Ce type de division séduit, et pour cause. Mais entre les contraintes réglementaires, les choix techniques et les arbitrages de conception, c'est loin d'être un long fleuve tranquille. C'est un vrai projet d'architecture intérieure, où chaque décision, du choix des essences de bois à l'isolation phonique, engage l'avenir du bien. Laissez-moi vous montrer comment transformer une page blanche en deux chapitres de vie réussis.
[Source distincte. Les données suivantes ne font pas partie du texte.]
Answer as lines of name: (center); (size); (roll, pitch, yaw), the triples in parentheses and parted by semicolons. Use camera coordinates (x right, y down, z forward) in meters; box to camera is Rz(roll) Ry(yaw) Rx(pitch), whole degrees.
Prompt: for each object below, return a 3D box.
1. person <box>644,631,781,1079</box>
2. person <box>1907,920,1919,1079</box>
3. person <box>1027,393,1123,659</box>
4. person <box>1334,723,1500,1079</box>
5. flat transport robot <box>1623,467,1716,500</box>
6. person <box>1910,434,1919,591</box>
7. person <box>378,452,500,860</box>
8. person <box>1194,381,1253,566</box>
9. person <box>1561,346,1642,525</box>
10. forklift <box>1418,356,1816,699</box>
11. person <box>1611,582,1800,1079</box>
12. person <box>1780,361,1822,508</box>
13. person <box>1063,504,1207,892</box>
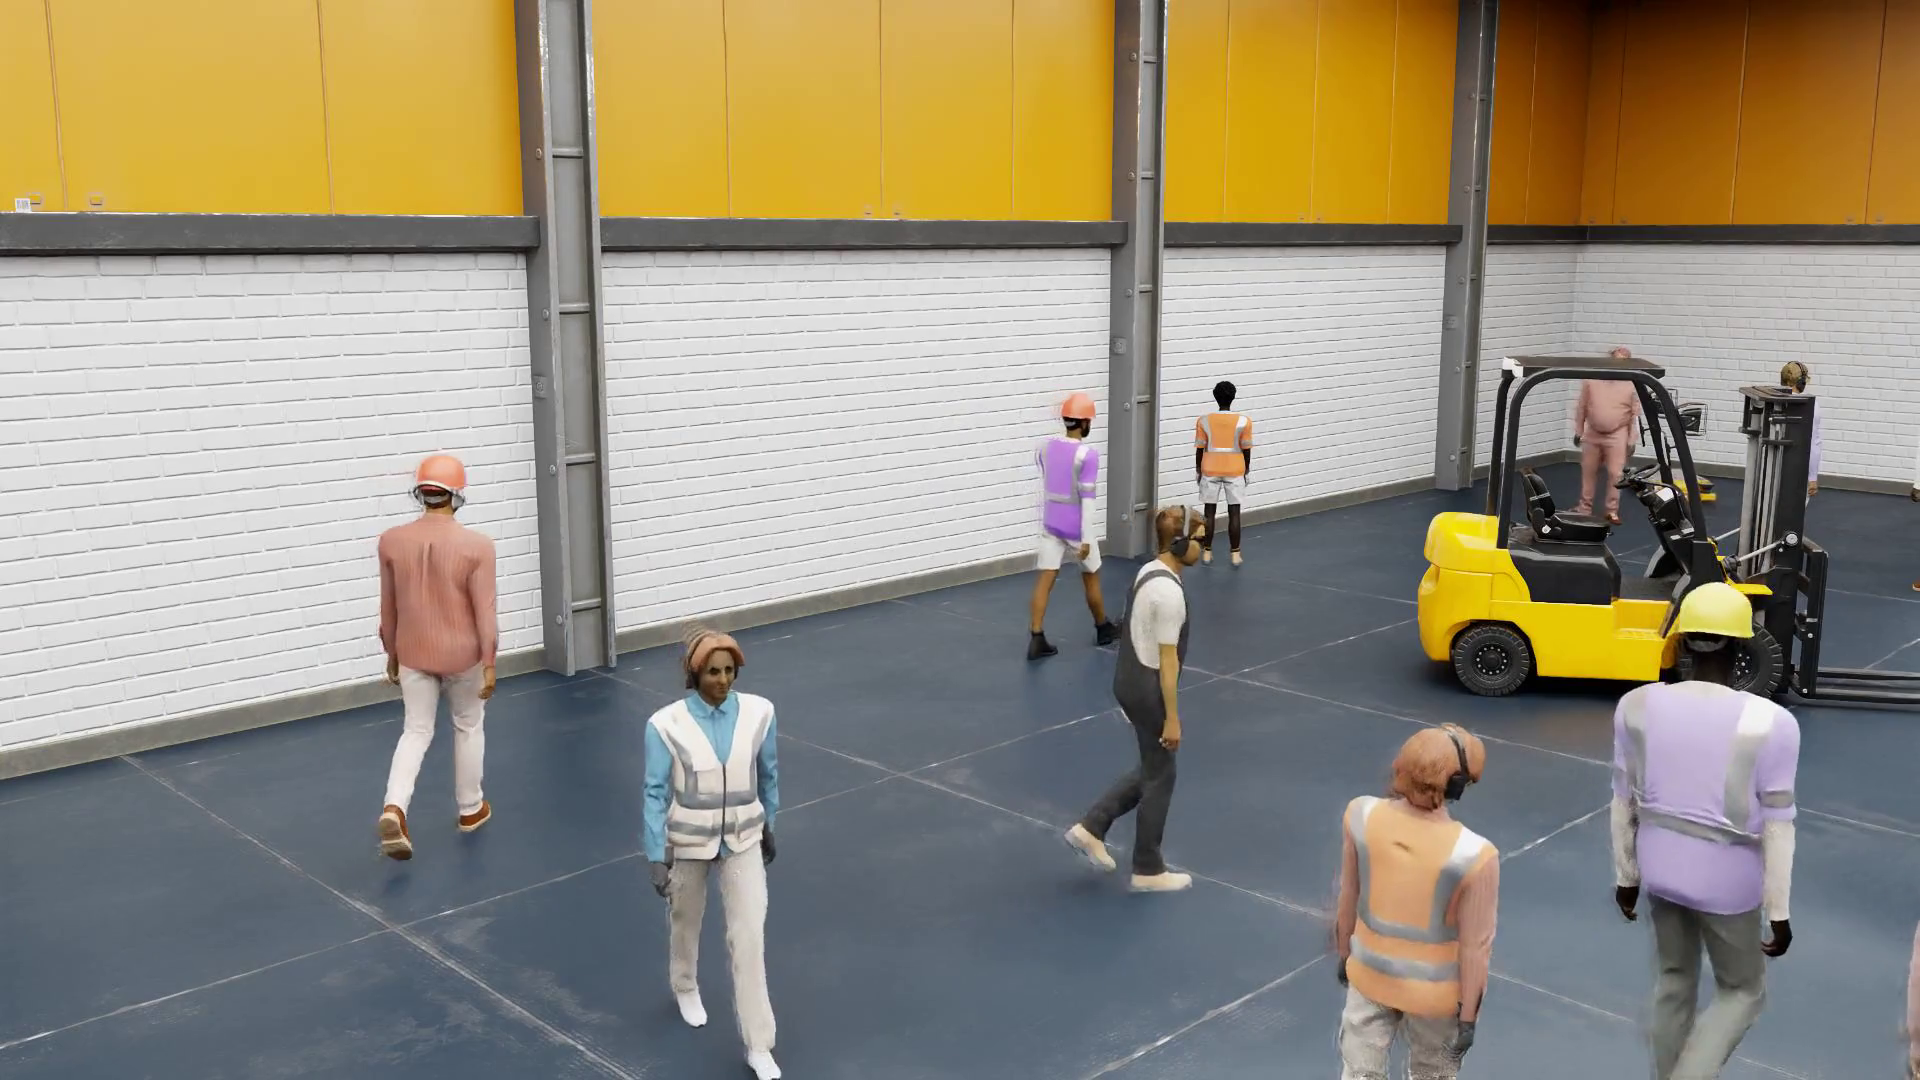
person: (-0.903, 1.113, 6.090); (0.535, 1.588, 0.857); (-5, 11, -24)
person: (2.679, 1.384, 4.272); (0.922, 1.723, 0.532); (-9, 14, -41)
person: (0.816, -0.112, 11.979); (0.568, 1.885, 0.982); (9, 14, 41)
person: (1.286, 1.326, 4.867); (0.521, 1.611, 0.661); (8, 13, 38)
flat transport robot: (8.263, -0.668, 19.416); (0.652, 0.197, 1.431); (1, 10, 7)
person: (8.301, -0.470, 13.931); (0.585, 1.882, 0.337); (2, 11, 13)
person: (-2.557, 0.563, 8.098); (0.627, 1.964, 0.870); (1, 10, 3)
person: (2.411, -0.611, 15.242); (0.536, 1.695, 0.320); (3, 11, 16)
person: (6.711, -1.099, 17.444); (0.820, 1.869, 0.447); (9, 14, 41)
forklift: (4.276, -0.101, 11.076); (2.313, 2.155, 1.214); (2, 11, 13)
person: (2.357, 1.092, 5.349); (0.552, 1.904, 0.609); (-9, 13, -39)
person: (7.114, -0.571, 14.338); (0.372, 1.940, 0.632); (-5, 12, -28)
person: (0.840, 0.734, 7.577); (0.540, 1.818, 0.515); (-1, 10, -4)

Pourquoi scinder ? Une question de bon sens et de chiffres
Posséder un grand appartement dans une ville à forte demande locative pose naturellement la question de la division. Le bois ne ment jamais, et les chiffres non plus. Un plateau de 100 m² loué en un seul lot peut rapporter entre 800 et 1 000 € mensuels. En le divisant avec intelligence, on obtient un T2 en location longue durée (environ 550-650 €/mois) et un studio en Airbnb (pouvant atteindre 1 200 à 1 800 €/mois selon la saison). Le rendement global peut ainsi quasiment doubler.
Mais attention, diviser ne se résume pas à monter une cloison. C'est une réflexion globale : réglementation, réseaux, acoustique, et surtout, un agencement pensé pour chaque usage. Sans un accompagnement adéquat, le budget de cette rénovation lourde peut rapidement s'envoler, souvent à cause de détails techniques mal anticipés.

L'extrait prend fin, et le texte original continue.